PHD TOP-UP SCHOLARSHIP

Differentiate human pluripotent stem cell (hPSC) models of mitochondrial disease to a cardiomyocyte cell fate in order to facilitate preclinical treatment studies and investigation of the underlying cellular mechanisms of disease in a clinically relevant cell type

PhD Top-up Scholarships

$15,750 AUD

08/03/2019 → 19/09/2021

Carolyn Sue

Scholar

Cameron McKnight

University

University of Melbourne / Murdoch Children’s Research Institute

Supervisors

Dr Ann Frazier, Prof. David Thorburn, and Dr David Elliott

Project Name

Differentiate human pluripotent stem cell (hPSC) models of mitochondrial disease to a cardiomyocyte cell fate in order to facilitate preclinical treatment studies and investigation of the underlying cellular mechanisms of disease in a clinically relevant cell type

Project Details

Despite a number of treatments showing potential benefit, there are none currently certified for clinical use when it comes to mitochondrial disease (mito). With over 320 known genetic
causes, proving the therapeutic value of a treatment is difficult due to the heterogeneity of genetic diagnoses in patients, inadequate animal models, and the characteristic tissue specificity
of mito. Using a panel of human stem cell models we genetically engineered to mimic mutations known to cause mito, we can generate disease relevant human cell types in the lab allowing us to overcome the issues associated with animal models and tissue specificity.

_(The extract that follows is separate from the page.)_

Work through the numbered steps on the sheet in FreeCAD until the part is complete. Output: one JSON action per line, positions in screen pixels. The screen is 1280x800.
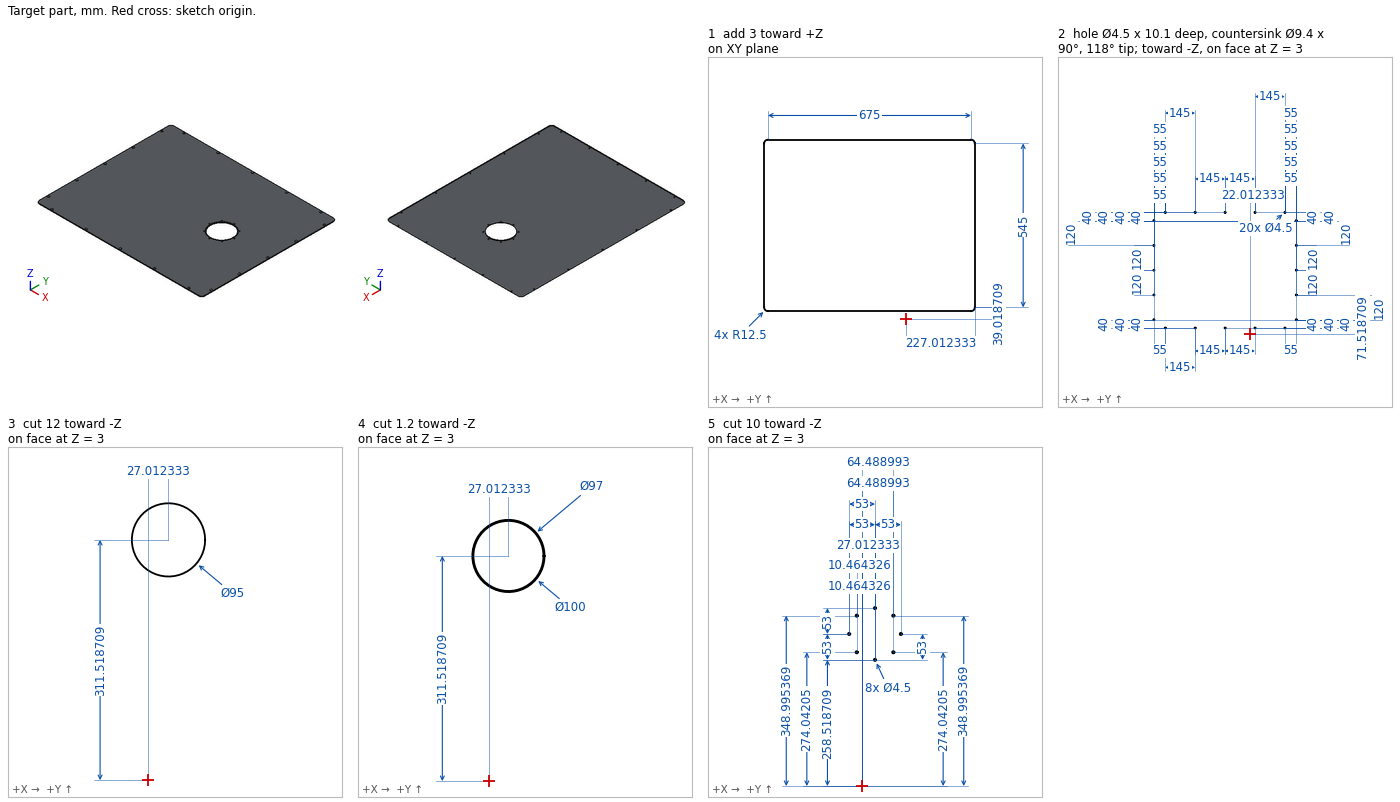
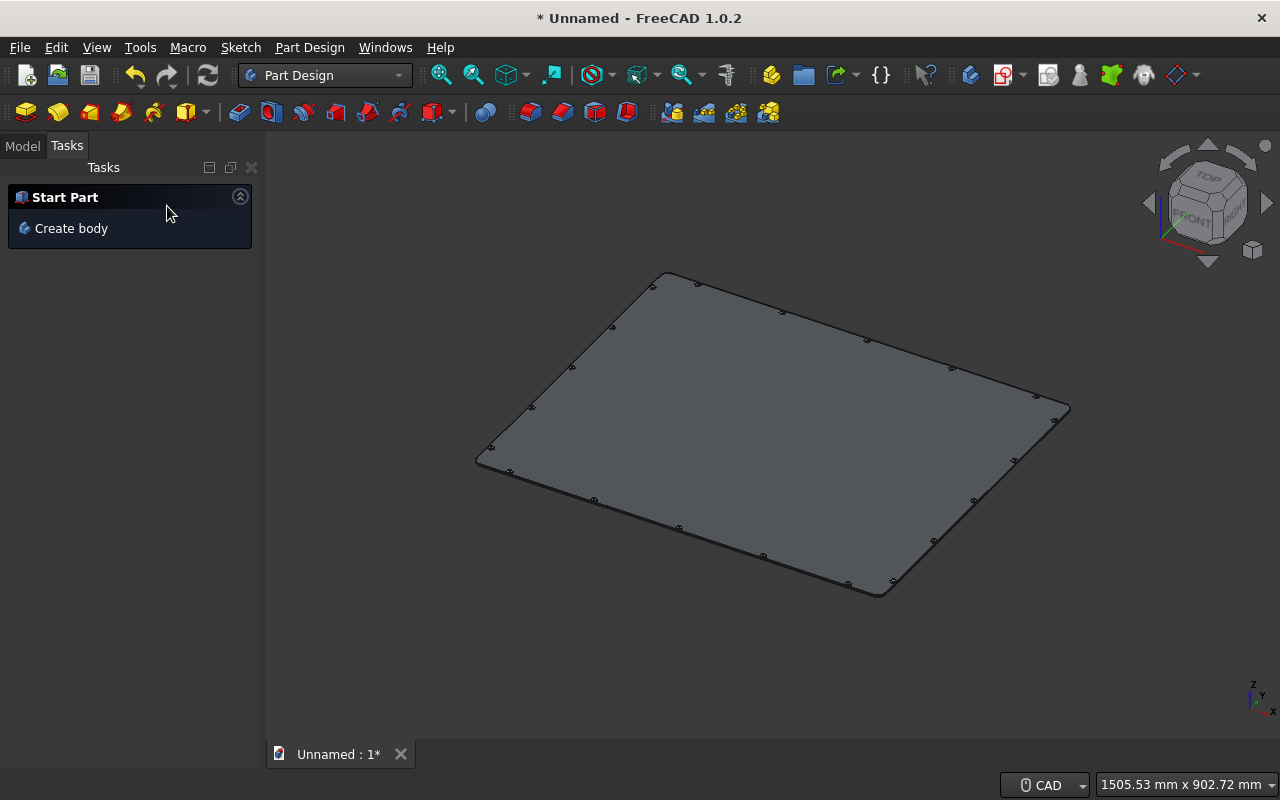
{"action": "left_click", "coordinate": [773, 433]}

This project is turning our mito stem cell models into heart muscle cells to screen promising treatment options and study how each genetic mutation affects cell function in a disease relevant cell type.

This project has the potential to improve our understanding of the underlying cellular mechanisms behind mito, which may lead to an improved understanding of common symptoms. Additionally, this work could provide the preliminary evidence needed to support a personalised medicine approach to mito by linking targeted therapies to specific genetic causes. This would be the first step in identifying a clinically valid treatment option for these disorders that targets the underlying condition.